21 Março 2024
"Para sobreviver, após ser banido da sinagoga sob acusação de heresia, o famoso filósofo holandês do século XVII, Baruch Spinoza, foi forçado a exercer a profissão de limpador de lentes de telescópios e microscópios. Mas a sua obra-prima, a Ethica more geometrico demonstrata, à qual se dedicaria ao longo da sua curta vida de apenas 45 anos, marcou uma encruzilhada de pensamento ocidental moderno", escreve o cardeal italiano Gianfranco Ravasi, em artigo publicado em Il Sole 24 Ore, 17-03-2024. A tradução é de Luisa Rabolini.

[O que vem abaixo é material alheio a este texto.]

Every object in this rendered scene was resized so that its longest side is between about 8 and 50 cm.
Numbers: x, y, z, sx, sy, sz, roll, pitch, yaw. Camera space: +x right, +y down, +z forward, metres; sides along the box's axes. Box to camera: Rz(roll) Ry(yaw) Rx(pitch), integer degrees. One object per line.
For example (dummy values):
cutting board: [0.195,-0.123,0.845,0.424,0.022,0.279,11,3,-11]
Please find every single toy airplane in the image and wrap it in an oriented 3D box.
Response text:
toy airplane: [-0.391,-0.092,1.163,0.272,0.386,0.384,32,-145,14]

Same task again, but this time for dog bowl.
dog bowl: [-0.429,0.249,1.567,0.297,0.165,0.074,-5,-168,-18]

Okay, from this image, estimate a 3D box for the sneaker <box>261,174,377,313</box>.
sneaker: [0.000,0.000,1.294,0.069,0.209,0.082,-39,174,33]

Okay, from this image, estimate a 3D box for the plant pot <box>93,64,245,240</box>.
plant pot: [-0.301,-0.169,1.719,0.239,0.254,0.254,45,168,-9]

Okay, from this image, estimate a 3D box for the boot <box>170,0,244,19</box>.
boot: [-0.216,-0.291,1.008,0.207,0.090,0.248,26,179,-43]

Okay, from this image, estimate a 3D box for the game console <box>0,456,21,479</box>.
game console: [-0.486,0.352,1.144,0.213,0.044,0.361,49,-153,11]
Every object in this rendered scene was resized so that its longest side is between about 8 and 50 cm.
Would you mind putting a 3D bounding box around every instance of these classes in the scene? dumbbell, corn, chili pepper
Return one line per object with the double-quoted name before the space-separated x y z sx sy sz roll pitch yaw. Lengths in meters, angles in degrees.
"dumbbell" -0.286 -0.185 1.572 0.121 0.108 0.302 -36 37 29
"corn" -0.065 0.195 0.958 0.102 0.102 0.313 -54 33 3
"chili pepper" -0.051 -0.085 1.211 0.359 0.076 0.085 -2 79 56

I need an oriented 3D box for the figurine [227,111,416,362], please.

A existência humana seria certamente muito mais feliz se nos homens a capacidade de ficar calados fosse igual à de falar. Mas a experiência ensina bem até demais que os homens não governam nada com maior dificuldade do que a língua.
Para sobreviver, após ser banido da sinagoga sob acusação de heresia, o famoso filósofo holandês do século XVII, Baruch Spinoza, foi forçado a exercer a profissão de limpador de lentes de telescópios e microscópios. Mas a sua obra-prima, a Ethica more geometrico demonstrata, à qual se dedicaria ao longo da sua curta vida de apenas 45 anos, marcou uma encruzilhada de pensamento ocidental moderno. Aquela obra, tão complexa e rigorosa quanto um tratado de geometria, oferece muitas vezes ideias muito concretas que poderiam até sustentar a existência de pessoas que nunca ousariam ascender pelas elevadas sendas da filosofia.
É o caso do tema que propomos, expresso por Spinoza numa linguagem e numa advertência clara e incisiva que pode ser resumida no convite a sermos capazes de falar na mesma medida em que somos capazes de ficar calados. Essa é uma lição constante de ética de todos os tempos porque é mais fácil arrepender-se de ter falado do que de ter ficado calado. Ironicamente, Woody Allen teve que suspirar: “Deus está em silêncio. Ah, se ao menos os homens se calassem!” O grande Cervantes já nos lembrava no Dom Quixote que “em boca fechada não entra mosca”.